How to complete this task — Images are to be left out when the records below are printed word for word.

Provided information —
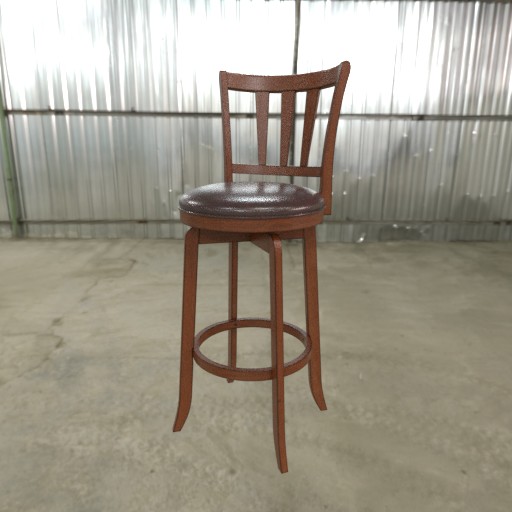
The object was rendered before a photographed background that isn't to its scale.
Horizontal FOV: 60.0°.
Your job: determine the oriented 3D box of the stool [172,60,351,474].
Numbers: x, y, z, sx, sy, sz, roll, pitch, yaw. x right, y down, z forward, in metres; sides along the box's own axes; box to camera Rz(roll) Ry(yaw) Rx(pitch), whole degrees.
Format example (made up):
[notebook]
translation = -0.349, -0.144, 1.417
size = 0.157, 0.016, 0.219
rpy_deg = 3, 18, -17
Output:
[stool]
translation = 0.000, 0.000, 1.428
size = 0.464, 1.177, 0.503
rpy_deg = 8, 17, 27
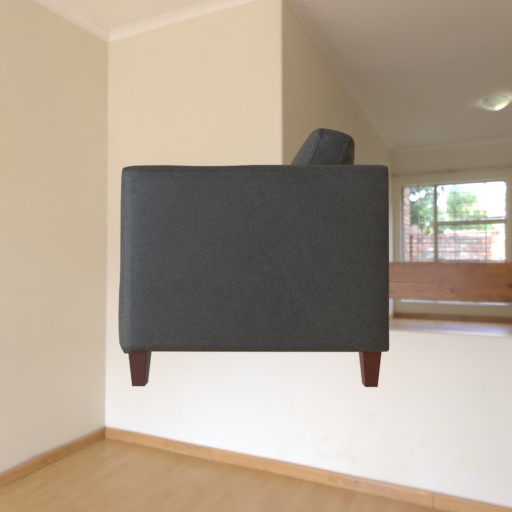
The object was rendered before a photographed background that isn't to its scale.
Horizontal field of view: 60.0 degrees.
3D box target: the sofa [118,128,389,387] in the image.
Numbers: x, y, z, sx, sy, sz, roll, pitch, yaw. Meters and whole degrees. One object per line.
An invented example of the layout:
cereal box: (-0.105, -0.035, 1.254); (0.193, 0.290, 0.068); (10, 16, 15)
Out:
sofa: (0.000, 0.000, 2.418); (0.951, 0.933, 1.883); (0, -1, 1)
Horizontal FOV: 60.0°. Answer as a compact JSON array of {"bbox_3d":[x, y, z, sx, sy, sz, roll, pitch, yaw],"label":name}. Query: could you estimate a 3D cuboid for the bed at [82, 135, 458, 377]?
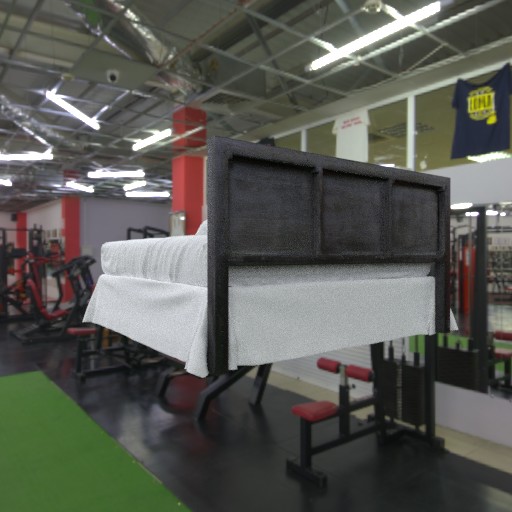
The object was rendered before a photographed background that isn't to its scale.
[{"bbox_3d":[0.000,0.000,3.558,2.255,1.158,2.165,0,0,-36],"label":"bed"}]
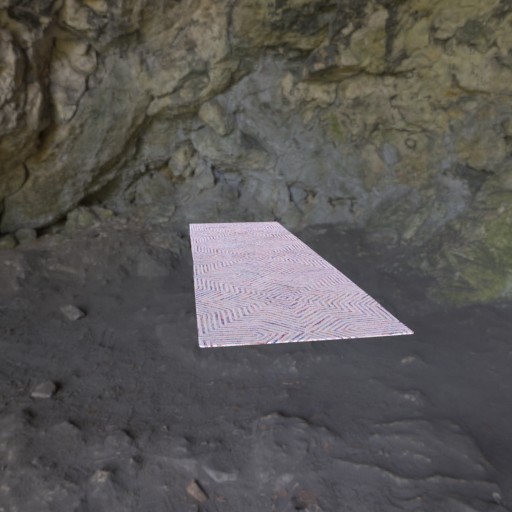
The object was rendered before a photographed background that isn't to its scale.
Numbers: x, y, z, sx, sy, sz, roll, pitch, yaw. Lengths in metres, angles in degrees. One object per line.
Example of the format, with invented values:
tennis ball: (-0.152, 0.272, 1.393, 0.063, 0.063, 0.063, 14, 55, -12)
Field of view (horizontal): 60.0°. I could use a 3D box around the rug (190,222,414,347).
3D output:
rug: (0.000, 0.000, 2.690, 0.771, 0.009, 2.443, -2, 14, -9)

Written reply —
The object was rendered before a photographed background that isn't to its scale.
Horizontal FOV: 60.0°.
Your job: determine the oriented 3D box of the stool [172,60,351,474].
Numbers: x, y, z, sx, sy, sz, roll, pitch, yaw. x right, y down, z forward, in metres; sides along the box's own axes; box to camera Rz(roll) Ry(yaw) Rx(pitch), whole degrees.
Format example (made up):
[notebook]
translation = -0.349, -0.144, 1.417
size = 0.157, 0.016, 0.219
rpy_deg = 3, 18, -17
Output:
[stool]
translation = 0.000, 0.000, 1.428
size = 0.464, 1.177, 0.503
rpy_deg = 8, 17, 27
The object was rendered before a photographed background that isn't to its scale.
Horizontal field of view: 60.0 degrees.
3D box target: the sofa [118,128,389,387] in the image.
Numbers: x, y, z, sx, sy, sz, roll, pitch, yaw. Meters and whole degrees. One object per line.
An invented example of the layout:
cereal box: (-0.105, -0.035, 1.254); (0.193, 0.290, 0.068); (10, 16, 15)
Out:
sofa: (0.000, 0.000, 2.418); (0.951, 0.933, 1.883); (0, -1, 1)
Horizontal FOV: 60.0°. Answer as a compact JSON array of {"bbox_3d":[x, y, z, sx, sy, sz, roll, pitch, yaw],"label":name}. Query: could you estimate a 3D cuboid for the bed at [82, 135, 458, 377]?
The object was rendered before a photographed background that isn't to its scale.
[{"bbox_3d":[0.000,0.000,3.558,2.255,1.158,2.165,0,0,-36],"label":"bed"}]
The object was rendered before a photographed background that isn't to its scale.
Numbers: x, y, z, sx, sy, sz, roll, pitch, yaw. Lengths in metres, angles in degrees. One object per line.
Example of the format, with invented values:
tennis ball: (-0.152, 0.272, 1.393, 0.063, 0.063, 0.063, 14, 55, -12)
Field of view (horizontal): 60.0°. I could use a 3D box around the rug (190,222,414,347).
3D output:
rug: (0.000, 0.000, 2.690, 0.771, 0.009, 2.443, -2, 14, -9)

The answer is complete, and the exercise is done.